(Records drawn from a dataset)
=======

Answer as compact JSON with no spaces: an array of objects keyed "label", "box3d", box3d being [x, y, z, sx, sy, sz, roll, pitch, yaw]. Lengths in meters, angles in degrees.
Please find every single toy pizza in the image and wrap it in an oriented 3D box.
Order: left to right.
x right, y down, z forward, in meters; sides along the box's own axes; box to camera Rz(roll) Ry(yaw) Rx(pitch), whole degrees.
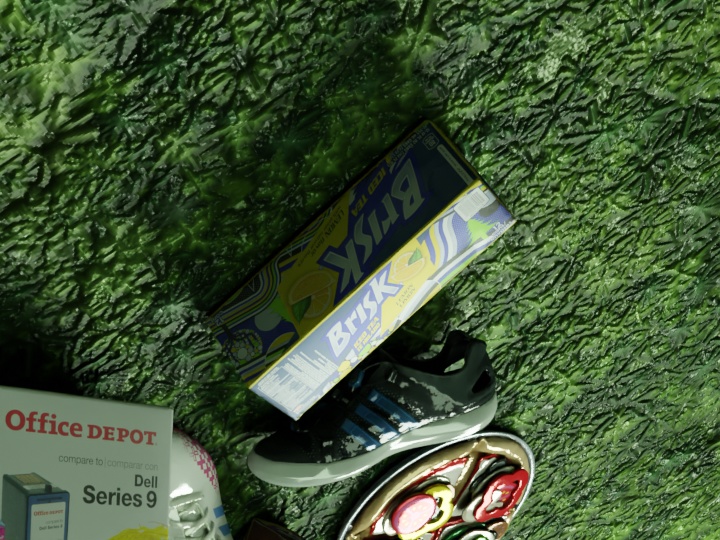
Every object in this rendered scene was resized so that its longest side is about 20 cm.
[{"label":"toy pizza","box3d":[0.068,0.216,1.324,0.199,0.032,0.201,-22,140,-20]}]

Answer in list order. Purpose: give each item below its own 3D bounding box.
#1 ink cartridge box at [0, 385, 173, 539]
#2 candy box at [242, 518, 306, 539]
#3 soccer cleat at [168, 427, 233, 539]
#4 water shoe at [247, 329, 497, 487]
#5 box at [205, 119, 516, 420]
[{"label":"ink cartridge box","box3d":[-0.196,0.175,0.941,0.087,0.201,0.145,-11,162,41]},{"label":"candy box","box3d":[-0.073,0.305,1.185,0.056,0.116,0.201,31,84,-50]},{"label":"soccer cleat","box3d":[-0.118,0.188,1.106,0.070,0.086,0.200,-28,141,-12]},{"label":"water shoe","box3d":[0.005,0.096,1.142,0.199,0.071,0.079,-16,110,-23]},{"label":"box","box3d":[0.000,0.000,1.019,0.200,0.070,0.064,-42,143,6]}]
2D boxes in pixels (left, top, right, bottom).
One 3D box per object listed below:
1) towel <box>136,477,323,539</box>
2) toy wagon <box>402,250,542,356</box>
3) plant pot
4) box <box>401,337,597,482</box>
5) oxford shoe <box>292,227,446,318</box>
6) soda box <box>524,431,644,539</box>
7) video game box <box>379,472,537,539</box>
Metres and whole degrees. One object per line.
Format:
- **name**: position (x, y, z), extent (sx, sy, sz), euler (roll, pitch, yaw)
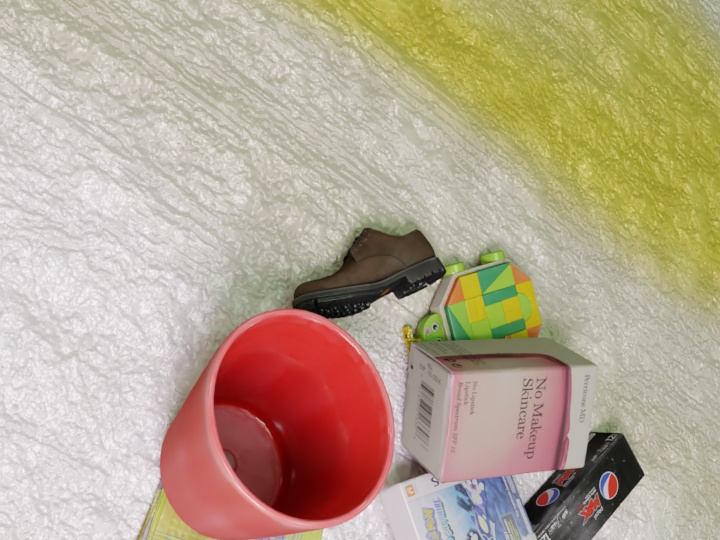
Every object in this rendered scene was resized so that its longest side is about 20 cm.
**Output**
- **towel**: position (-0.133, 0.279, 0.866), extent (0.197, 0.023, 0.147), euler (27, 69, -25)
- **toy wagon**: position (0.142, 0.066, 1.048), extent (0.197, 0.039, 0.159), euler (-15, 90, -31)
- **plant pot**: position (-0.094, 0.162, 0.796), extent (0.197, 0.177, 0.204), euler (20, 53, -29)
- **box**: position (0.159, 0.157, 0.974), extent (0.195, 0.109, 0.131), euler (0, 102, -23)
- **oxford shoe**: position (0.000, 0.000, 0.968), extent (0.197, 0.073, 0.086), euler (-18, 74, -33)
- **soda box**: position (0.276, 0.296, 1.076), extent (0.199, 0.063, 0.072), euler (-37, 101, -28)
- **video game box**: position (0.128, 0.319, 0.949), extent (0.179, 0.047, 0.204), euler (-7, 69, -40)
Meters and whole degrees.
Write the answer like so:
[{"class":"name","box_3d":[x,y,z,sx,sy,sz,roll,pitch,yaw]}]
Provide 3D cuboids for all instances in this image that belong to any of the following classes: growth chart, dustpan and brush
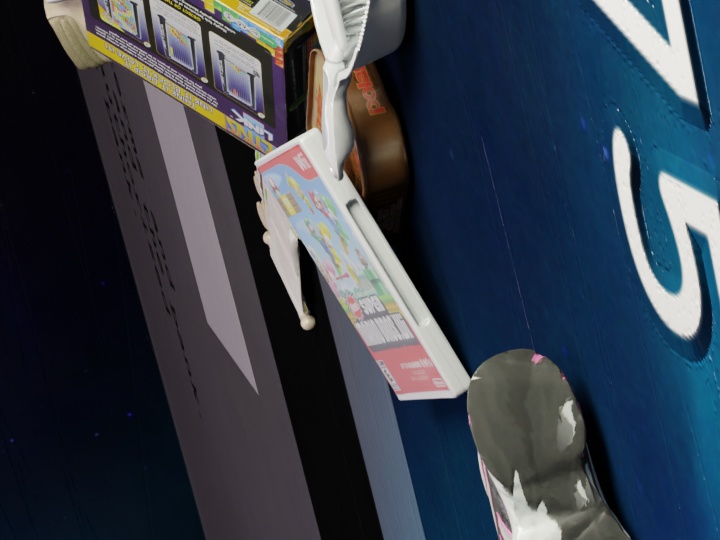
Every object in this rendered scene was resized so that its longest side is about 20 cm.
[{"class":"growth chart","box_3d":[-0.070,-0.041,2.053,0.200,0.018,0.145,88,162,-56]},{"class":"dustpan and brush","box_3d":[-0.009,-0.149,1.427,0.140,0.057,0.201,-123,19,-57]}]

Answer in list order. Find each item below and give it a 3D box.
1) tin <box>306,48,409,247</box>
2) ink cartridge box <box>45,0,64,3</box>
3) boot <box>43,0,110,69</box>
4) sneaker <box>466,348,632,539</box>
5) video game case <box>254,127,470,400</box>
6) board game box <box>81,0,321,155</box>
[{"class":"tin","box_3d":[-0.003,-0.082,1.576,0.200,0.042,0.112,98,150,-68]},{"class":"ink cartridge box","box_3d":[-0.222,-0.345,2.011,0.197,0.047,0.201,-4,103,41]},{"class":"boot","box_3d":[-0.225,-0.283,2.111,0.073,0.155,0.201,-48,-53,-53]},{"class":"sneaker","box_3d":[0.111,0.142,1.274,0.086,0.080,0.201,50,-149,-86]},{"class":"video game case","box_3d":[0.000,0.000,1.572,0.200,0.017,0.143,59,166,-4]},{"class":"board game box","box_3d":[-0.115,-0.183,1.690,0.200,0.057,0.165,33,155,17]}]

=======

§ Your objective:
Restate each line above exactly, keeping pictures out.

§ Solution to this task:
Answer as compact JSON with no spaces: an array of objects keyed "label", "box3d", box3d being [x, y, z, sx, sy, sz, roll, pitch, yaw]. Lengths in meters, angles in degrees.
Please find every single toy pizza in the image and wrap it in an oriented 3D box.
Order: left to right.
x right, y down, z forward, in meters; sides along the box's own axes; box to camera Rz(roll) Ry(yaw) Rx(pitch), whole degrees.
Every object in this rendered scene was resized so that its longest side is about 20 cm.
[{"label":"toy pizza","box3d":[0.068,0.216,1.324,0.199,0.032,0.201,-22,140,-20]}]

Answer in list order. Purpose: give each item below its own 3D bounding box.
#1 ink cartridge box at [0, 385, 173, 539]
#2 candy box at [242, 518, 306, 539]
#3 soccer cleat at [168, 427, 233, 539]
#4 water shoe at [247, 329, 497, 487]
#5 box at [205, 119, 516, 420]
[{"label":"ink cartridge box","box3d":[-0.196,0.175,0.941,0.087,0.201,0.145,-11,162,41]},{"label":"candy box","box3d":[-0.073,0.305,1.185,0.056,0.116,0.201,31,84,-50]},{"label":"soccer cleat","box3d":[-0.118,0.188,1.106,0.070,0.086,0.200,-28,141,-12]},{"label":"water shoe","box3d":[0.005,0.096,1.142,0.199,0.071,0.079,-16,110,-23]},{"label":"box","box3d":[0.000,0.000,1.019,0.200,0.070,0.064,-42,143,6]}]
2D boxes in pixels (left, top, right, bottom).
One 3D box per object listed below:
1) towel <box>136,477,323,539</box>
2) toy wagon <box>402,250,542,356</box>
3) plant pot
4) box <box>401,337,597,482</box>
5) oxford shoe <box>292,227,446,318</box>
6) soda box <box>524,431,644,539</box>
7) video game box <box>379,472,537,539</box>
Metres and whole degrees. One object per line.
Format:
- **name**: position (x, y, z), extent (sx, sy, sz), euler (roll, pitch, yaw)
Every object in this rendered scene was resized so that its longest side is about 20 cm.
**Output**
- **towel**: position (-0.133, 0.279, 0.866), extent (0.197, 0.023, 0.147), euler (27, 69, -25)
- **toy wagon**: position (0.142, 0.066, 1.048), extent (0.197, 0.039, 0.159), euler (-15, 90, -31)
- **plant pot**: position (-0.094, 0.162, 0.796), extent (0.197, 0.177, 0.204), euler (20, 53, -29)
- **box**: position (0.159, 0.157, 0.974), extent (0.195, 0.109, 0.131), euler (0, 102, -23)
- **oxford shoe**: position (0.000, 0.000, 0.968), extent (0.197, 0.073, 0.086), euler (-18, 74, -33)
- **soda box**: position (0.276, 0.296, 1.076), extent (0.199, 0.063, 0.072), euler (-37, 101, -28)
- **video game box**: position (0.128, 0.319, 0.949), extent (0.179, 0.047, 0.204), euler (-7, 69, -40)
Meters and whole degrees.
Write the answer like so:
[{"class":"name","box_3d":[x,y,z,sx,sy,sz,roll,pitch,yaw]}]
Provide 3D cuboids for all instances in this image that belong to any of the following classes: growth chart, dustpan and brush
Every object in this rendered scene was resized so that its longest side is about 20 cm.
[{"class":"growth chart","box_3d":[-0.070,-0.041,2.053,0.200,0.018,0.145,88,162,-56]},{"class":"dustpan and brush","box_3d":[-0.009,-0.149,1.427,0.140,0.057,0.201,-123,19,-57]}]

Answer in list order. Find each item below and give it a 3D box.
1) tin <box>306,48,409,247</box>
2) ink cartridge box <box>45,0,64,3</box>
3) boot <box>43,0,110,69</box>
4) sneaker <box>466,348,632,539</box>
5) video game case <box>254,127,470,400</box>
6) board game box <box>81,0,321,155</box>
[{"class":"tin","box_3d":[-0.003,-0.082,1.576,0.200,0.042,0.112,98,150,-68]},{"class":"ink cartridge box","box_3d":[-0.222,-0.345,2.011,0.197,0.047,0.201,-4,103,41]},{"class":"boot","box_3d":[-0.225,-0.283,2.111,0.073,0.155,0.201,-48,-53,-53]},{"class":"sneaker","box_3d":[0.111,0.142,1.274,0.086,0.080,0.201,50,-149,-86]},{"class":"video game case","box_3d":[0.000,0.000,1.572,0.200,0.017,0.143,59,166,-4]},{"class":"board game box","box_3d":[-0.115,-0.183,1.690,0.200,0.057,0.165,33,155,17]}]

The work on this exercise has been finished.